The SCB CIO anticipates a moderated economic pace for the US and Japan in 2024, while China-Vietnam may experience a significant slowdown due to challenges in the export and real estate sectors. Fed's interest rate cut is projected for the second half of 2024, prompting investors to cautiously consider riskier assets. However, caution is advised, as maturing bonds in 2024-2025 pose a higher risk of debt rollover, especially in high-yield segments. It is recommended to strategically accumulate investment-grade bonds and consider adding US, Japanese, Indian, and Thai stocks in the quality growth category, characterized by consistent profit growth and a strong balance sheet.

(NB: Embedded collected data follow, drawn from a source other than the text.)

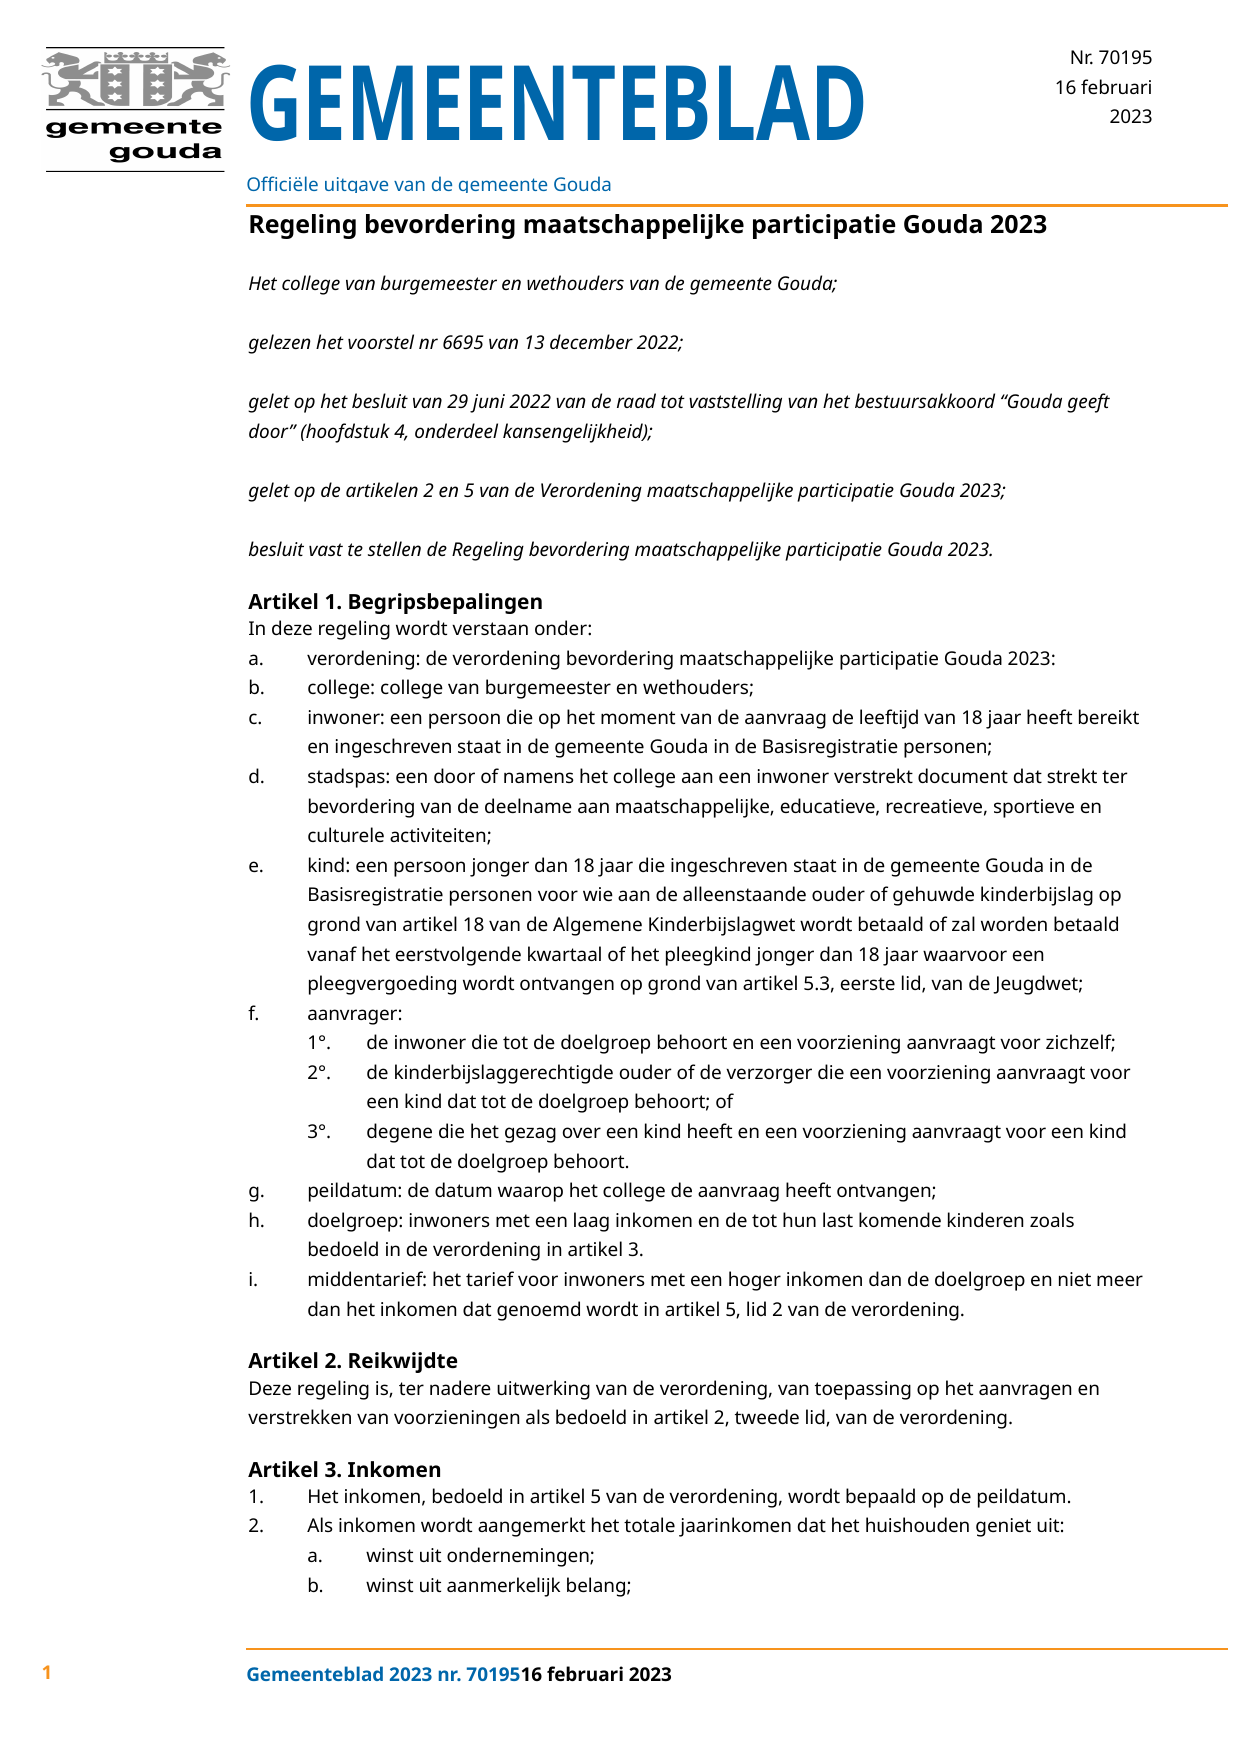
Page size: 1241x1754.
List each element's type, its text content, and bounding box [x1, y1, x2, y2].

text besluit vast te stellen de Regeling bevordering maatschappelijke participatie Gouda 2023. [248, 537, 1152, 562]
list winst uit ondernemingen; [307, 1542, 1152, 1568]
list inwoner: een persoon die op het moment van de aanvraag de leeftijd van 18 jaar heeft bereikt en ingeschreven staat in de gemeente Gouda in de Basisregistratie personen; [248, 704, 1152, 759]
list Als inkomen wordt aangemerkt het totale jaarinkomen dat het huishouden geniet uit: [248, 1513, 1152, 1538]
text gelezen het voorstel nr 6695 van 13 december 2022; [248, 329, 1152, 355]
text In deze regeling wordt verstaan onder: [248, 615, 1152, 641]
text Deze regeling is, ter nadere uitwerking van de verordening, van toepassing op het aanvragen en verstrekken van voorzieningen als bedoeld in artikel 2, tweede lid, van de verordening. [248, 1375, 1152, 1430]
list middentarief: het tarief voor inwoners met een hoger inkomen dan de doelgroep en niet meer dan het inkomen dat genoemd wordt in artikel 5, lid 2 van de verordening. [248, 1266, 1152, 1322]
text Regeling bevordering maatschappelijke participatie Gouda 2023 [248, 207, 1152, 241]
picture [41, 47, 231, 172]
list winst uit aanmerkelijk belang; [307, 1572, 1152, 1598]
text Het college van burgemeester en wethouders van de gemeente Gouda; [248, 270, 1152, 296]
text Artikel 1. Begripsbepalingen [248, 587, 1152, 615]
text Artikel 2. Reikwijdte [248, 1346, 1152, 1375]
list de inwoner die tot de doelgroep behoort en een voorziening aanvraagt voor zichzelf; [307, 1029, 1152, 1055]
list verordening: de verordening bevordering maatschappelijke participatie Gouda 2023: [248, 645, 1152, 671]
text Artikel 3. Inkomen [248, 1455, 1152, 1483]
text gelet op het besluit van 29 juni 2022 van de raad tot vaststelling van het bestuursakkoord “Gouda geeft door” (hoofdstuk 4, onderdeel kansengelijkheid); [248, 389, 1152, 444]
list degene die het gezag over een kind heeft en een voorziening aanvraagt voor een kind dat tot de doelgroep behoort. [307, 1118, 1152, 1174]
list aanvrager: [248, 1000, 1152, 1026]
list college: college van burgemeester en wethouders; [248, 674, 1152, 700]
list stadspas: een door of namens het college aan een inwoner verstrekt document dat strekt ter bevordering van de deelname aan maatschappelijke, educatieve, recreatieve, sportieve en culturele activiteiten; [248, 763, 1152, 848]
list kind: een persoon jonger dan 18 jaar die ingeschreven staat in de gemeente Gouda in de Basisregistratie personen voor wie aan de alleenstaande ouder of gehuwde kinderbijslag op grond van artikel 18 van de Algemene Kinderbijslagwet wordt betaald of zal worden betaald vanaf het eerstvolgende kwartaal of het pleegkind jonger dan 18 jaar waarvoor een pleegvergoeding wordt ontvangen op grond van artikel 5.3, eerste lid, van de Jeugdwet; [248, 852, 1152, 996]
list peildatum: de datum waarop het college de aanvraag heeft ontvangen; [248, 1177, 1152, 1203]
list Het inkomen, bedoeld in artikel 5 van de verordening, wordt bepaald op de peildatum. [248, 1483, 1152, 1509]
list doelgroep: inwoners met een laag inkomen en de tot hun last komende kinderen zoals bedoeld in de verordening in artikel 3. [248, 1207, 1152, 1262]
text gelet op de artikelen 2 en 5 van de Verordening maatschappelijke participatie Gouda 2023; [248, 477, 1152, 503]
list de kinderbijslaggerechtigde ouder of de verzorger die een voorziening aanvraagt voor een kind dat tot de doelgroep behoort; of [307, 1059, 1152, 1114]

Dr. Kampon Adireksombat, First Senior Vice President and Team Head of the SCB CIO Office at Siam Commercial Bank, outlined four key economic and investment trends for 2024:
The SCB CIO foresees that interest rates have peaked, and historical investment capital concentration in deposits and money markets suggests a shift towards increased risk appetite among investors in 2024. Despite an economic slowdown, interest rates remain relatively high, albeit showing signs of decline. Given elevated debt levels in certain business sectors, the recommendation is for investors to prioritize selection and investment in high-quality asset groups.
In terms of fixed-income investments, historical data indicates that, after a 12-month hiatus in interest rate hikes by the Fed, most assets yield positive average returns. The exception was the year 2000, marked by a technology stock bubble crisis in the US, adversely impacting both stock markets and bonds. Positive returns may also be seen during the initial Fed rate cut, but it is likely to be accompanied by an economic slowdown, potentially increasing the credit spread between returns on private bonds and government bonds, particularly those offering high yields. With a growing number of maturing bonds in 2024-2025, the risk of debt rollover in this segment will rise, emphasizing the recommendation to invest in investment-grade bonds.
Regarding stock investments, the SCB CIO advises the gradual accumulation of stocks in the US, Japanese, Indian, and Thai markets, focusing on the quality growth segments characterized by consistent profit growth and a robust balance sheet. The US stock market stands out due to the anticipation of accelerated company profits in 2024 and the clarity in monetary policy signaling the peak of policy interest rate increases. Defensive stocks resilient to economic conditions should be prioritized. The Japanese stock market offers gradual accumulation opportunities, driven by the expanding performance of listed companies and increased buying power from investors.
In the Indian stock market, gradual investment is recommended based on high economic growth, expanding return on equity (ROE), and attractive stock valuations. The Thai stock market is appealing for its favorable stock value concerning returns versus risks.